TASK STATEMENT ->
Because the pictures are not wanted, reproduce the rest of the records below exactly as they stand.

Dataset records ->
*** Begin section ***
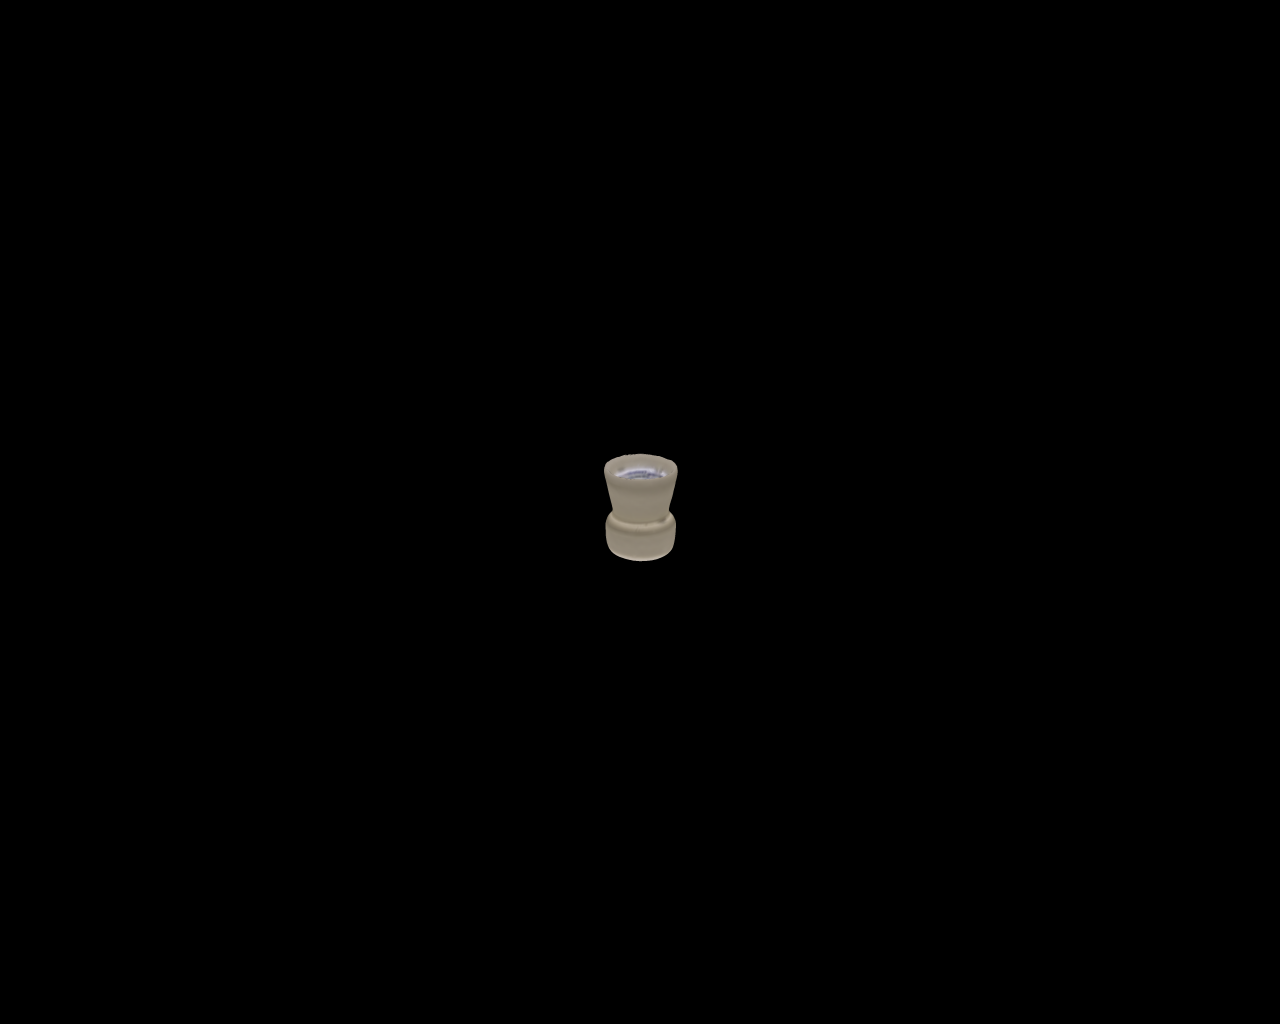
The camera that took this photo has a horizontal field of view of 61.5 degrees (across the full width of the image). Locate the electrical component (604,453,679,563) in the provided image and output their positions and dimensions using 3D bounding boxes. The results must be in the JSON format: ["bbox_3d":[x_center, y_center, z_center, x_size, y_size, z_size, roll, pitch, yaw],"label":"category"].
[{"bbox_3d":[0.001,-0.003,0.650,0.045,0.055,0.045,0,24,0],"label":"electrical component"}]
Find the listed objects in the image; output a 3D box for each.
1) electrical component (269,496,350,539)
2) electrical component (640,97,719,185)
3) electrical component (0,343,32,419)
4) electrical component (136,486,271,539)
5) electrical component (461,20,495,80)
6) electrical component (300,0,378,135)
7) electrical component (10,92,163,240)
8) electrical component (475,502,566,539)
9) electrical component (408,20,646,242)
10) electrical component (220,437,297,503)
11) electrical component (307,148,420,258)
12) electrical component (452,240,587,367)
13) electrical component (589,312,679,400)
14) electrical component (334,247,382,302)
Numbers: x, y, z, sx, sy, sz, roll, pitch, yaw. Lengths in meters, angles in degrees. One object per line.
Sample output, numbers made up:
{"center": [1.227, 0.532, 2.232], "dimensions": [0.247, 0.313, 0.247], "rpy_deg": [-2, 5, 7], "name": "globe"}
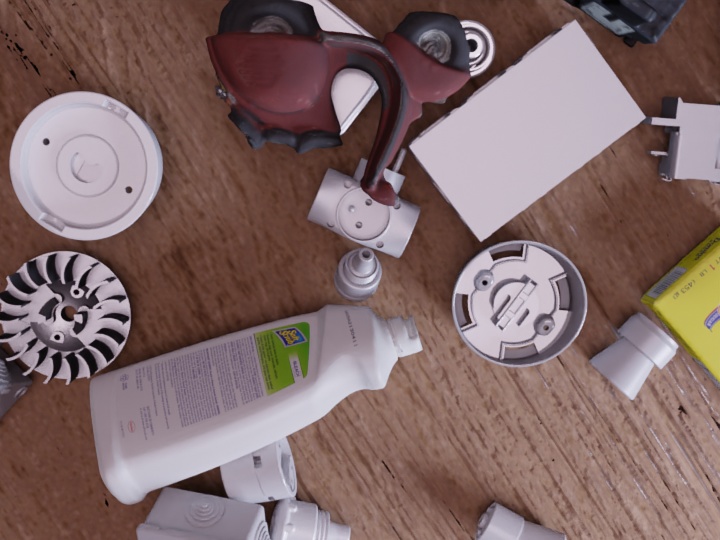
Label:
{"center": [-0.040, 0.207, 0.855], "dimensions": [0.062, 0.048, 0.048], "rpy_deg": [11, 97, -9], "name": "electrical component"}
{"center": [0.256, -0.098, 0.820], "dimensions": [0.081, 0.042, 0.063], "rpy_deg": [4, 101, 0], "name": "electrical component"}
{"center": [-0.307, 0.101, 0.814], "dimensions": [0.048, 0.100, 0.099], "rpy_deg": [44, 95, 8], "name": "electrical component"}
{"center": [-0.118, 0.218, 0.830], "dimensions": [0.100, 0.048, 0.099], "rpy_deg": [8, 128, 12], "name": "electrical component"}
{"center": [0.080, -0.164, 0.800], "dimensions": [0.043, 0.062, 0.043], "rpy_deg": [0, 97, 0], "name": "electrical component"}
{"center": [-0.038, -0.161, 0.803], "dimensions": [0.113, 0.057, 0.078], "rpy_deg": [38, 95, -4], "name": "electrical component"}
{"center": [-0.201, -0.079, 0.811], "dimensions": [0.108, 0.060, 0.108], "rpy_deg": [0, 97, 0], "name": "electrical component"}
{"center": [0.125, 0.215, 0.858], "dimensions": [0.065, 0.044, 0.044], "rpy_deg": [29, 96, 1], "name": "electrical component"}
{"center": [0.121, -0.103, 0.808], "dimensions": [0.150, 0.061, 0.089], "rpy_deg": [-37, 96, 4], "name": "electrical component"}
{"center": [-0.080, 0.156, 0.844], "dimensions": [0.047, 0.055, 0.055], "rpy_deg": [-15, 97, 6], "name": "electrical component"}
{"center": [0.010, -0.060, 0.822], "dimensions": [0.077, 0.044, 0.079], "rpy_deg": [23, 96, -3], "name": "electrical component"}
{"center": [0.119, 0.024, 0.822], "dimensions": [0.099, 0.064, 0.099], "rpy_deg": [0, 97, 0], "name": "electrical component"}
{"center": [0.214, 0.066, 0.838], "dimensions": [0.045, 0.045, 0.055], "rpy_deg": [42, 95, -5], "name": "electrical component"}
{"center": [0.000, 0.000, 0.819], "dimensions": [0.035, 0.061, 0.035], "rpy_deg": [3, 67, -8], "name": "electrical component"}
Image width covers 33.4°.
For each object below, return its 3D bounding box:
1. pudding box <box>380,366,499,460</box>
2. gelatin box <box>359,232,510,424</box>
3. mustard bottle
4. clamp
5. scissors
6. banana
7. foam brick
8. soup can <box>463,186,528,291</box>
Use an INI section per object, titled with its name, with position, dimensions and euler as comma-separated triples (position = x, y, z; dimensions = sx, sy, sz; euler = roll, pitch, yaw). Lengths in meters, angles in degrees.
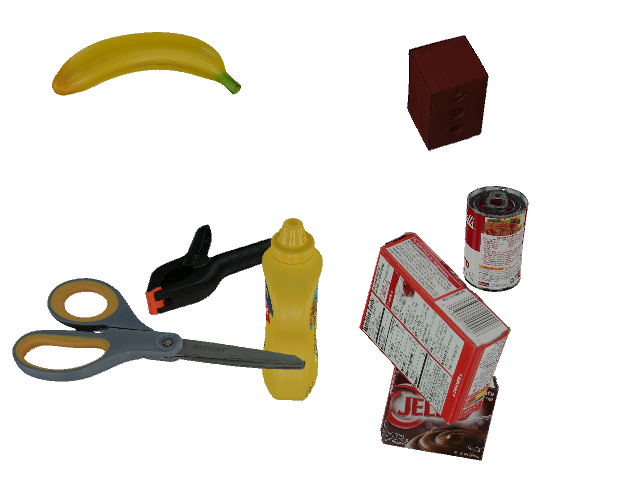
*** End section ***
TASK RESPONSE ->
The camera that took this photo has a horizontal field of view of 61.5 degrees (across the full width of the image). Locate the electrical component (604,453,679,563) in the provided image and output their positions and dimensions using 3D bounding boxes. The results must be in the JSON format: ["bbox_3d":[x_center, y_center, z_center, x_size, y_size, z_size, roll, pitch, yaw],"label":"category"].
[{"bbox_3d":[0.001,-0.003,0.650,0.045,0.055,0.045,0,24,0],"label":"electrical component"}]
Find the listed objects in the image; output a 3D box for each.
1) electrical component (269,496,350,539)
2) electrical component (640,97,719,185)
3) electrical component (0,343,32,419)
4) electrical component (136,486,271,539)
5) electrical component (461,20,495,80)
6) electrical component (300,0,378,135)
7) electrical component (10,92,163,240)
8) electrical component (475,502,566,539)
9) electrical component (408,20,646,242)
10) electrical component (220,437,297,503)
11) electrical component (307,148,420,258)
12) electrical component (452,240,587,367)
13) electrical component (589,312,679,400)
14) electrical component (334,247,382,302)
Numbers: x, y, z, sx, sy, sz, roll, pitch, yaw. Lengths in meters, angles in degrees. One object per line.
Sample output, numbers made up:
{"center": [1.227, 0.532, 2.232], "dimensions": [0.247, 0.313, 0.247], "rpy_deg": [-2, 5, 7], "name": "globe"}
Label:
{"center": [-0.040, 0.207, 0.855], "dimensions": [0.062, 0.048, 0.048], "rpy_deg": [11, 97, -9], "name": "electrical component"}
{"center": [0.256, -0.098, 0.820], "dimensions": [0.081, 0.042, 0.063], "rpy_deg": [4, 101, 0], "name": "electrical component"}
{"center": [-0.307, 0.101, 0.814], "dimensions": [0.048, 0.100, 0.099], "rpy_deg": [44, 95, 8], "name": "electrical component"}
{"center": [-0.118, 0.218, 0.830], "dimensions": [0.100, 0.048, 0.099], "rpy_deg": [8, 128, 12], "name": "electrical component"}
{"center": [0.080, -0.164, 0.800], "dimensions": [0.043, 0.062, 0.043], "rpy_deg": [0, 97, 0], "name": "electrical component"}
{"center": [-0.038, -0.161, 0.803], "dimensions": [0.113, 0.057, 0.078], "rpy_deg": [38, 95, -4], "name": "electrical component"}
{"center": [-0.201, -0.079, 0.811], "dimensions": [0.108, 0.060, 0.108], "rpy_deg": [0, 97, 0], "name": "electrical component"}
{"center": [0.125, 0.215, 0.858], "dimensions": [0.065, 0.044, 0.044], "rpy_deg": [29, 96, 1], "name": "electrical component"}
{"center": [0.121, -0.103, 0.808], "dimensions": [0.150, 0.061, 0.089], "rpy_deg": [-37, 96, 4], "name": "electrical component"}
{"center": [-0.080, 0.156, 0.844], "dimensions": [0.047, 0.055, 0.055], "rpy_deg": [-15, 97, 6], "name": "electrical component"}
{"center": [0.010, -0.060, 0.822], "dimensions": [0.077, 0.044, 0.079], "rpy_deg": [23, 96, -3], "name": "electrical component"}
{"center": [0.119, 0.024, 0.822], "dimensions": [0.099, 0.064, 0.099], "rpy_deg": [0, 97, 0], "name": "electrical component"}
{"center": [0.214, 0.066, 0.838], "dimensions": [0.045, 0.045, 0.055], "rpy_deg": [42, 95, -5], "name": "electrical component"}
{"center": [0.000, 0.000, 0.819], "dimensions": [0.035, 0.061, 0.035], "rpy_deg": [3, 67, -8], "name": "electrical component"}
Image width covers 33.4°.
For each object below, return its 3D bounding box:
1. pudding box <box>380,366,499,460</box>
2. gelatin box <box>359,232,510,424</box>
3. mustard bottle
4. clamp
5. scissors
6. banana
7. foam brick
8. soup can <box>463,186,528,291</box>
Use an INI section per object, titled with its name, with position, dimensions and euler as comma-separated triples (position = x, y, z; dimensions = sx, sy, sz; euler = roll, pitch, yaw). Lengths in meters, angles in degrees.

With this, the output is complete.